About this task:
Your answer must consist of the records below, reproduced exactly, with every picture removed.

Information:
*** Begin section ***

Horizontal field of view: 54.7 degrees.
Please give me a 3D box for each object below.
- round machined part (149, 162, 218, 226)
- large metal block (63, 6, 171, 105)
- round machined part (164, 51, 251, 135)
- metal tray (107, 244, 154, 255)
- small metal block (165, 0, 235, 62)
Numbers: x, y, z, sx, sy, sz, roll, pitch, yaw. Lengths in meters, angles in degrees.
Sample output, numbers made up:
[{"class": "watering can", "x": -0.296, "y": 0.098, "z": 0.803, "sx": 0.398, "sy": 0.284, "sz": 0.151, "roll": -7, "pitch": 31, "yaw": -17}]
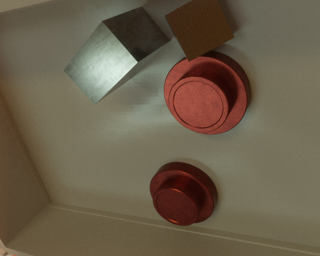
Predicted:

*** End section ***

Result of the exercise:
Horizontal field of view: 54.7 degrees.
Please give me a 3D box for each object below.
- round machined part (149, 162, 218, 226)
- large metal block (63, 6, 171, 105)
- round machined part (164, 51, 251, 135)
- metal tray (107, 244, 154, 255)
- small metal block (165, 0, 235, 62)
Numbers: x, y, z, sx, sy, sz, roll, pitch, yaw. Lengths in meters, angles in degrees.
Sample output, numbers made up:
[{"class": "watering can", "x": -0.296, "y": 0.098, "z": 0.803, "sx": 0.398, "sy": 0.284, "sz": 0.151, "roll": -7, "pitch": 31, "yaw": -17}]
Predicted:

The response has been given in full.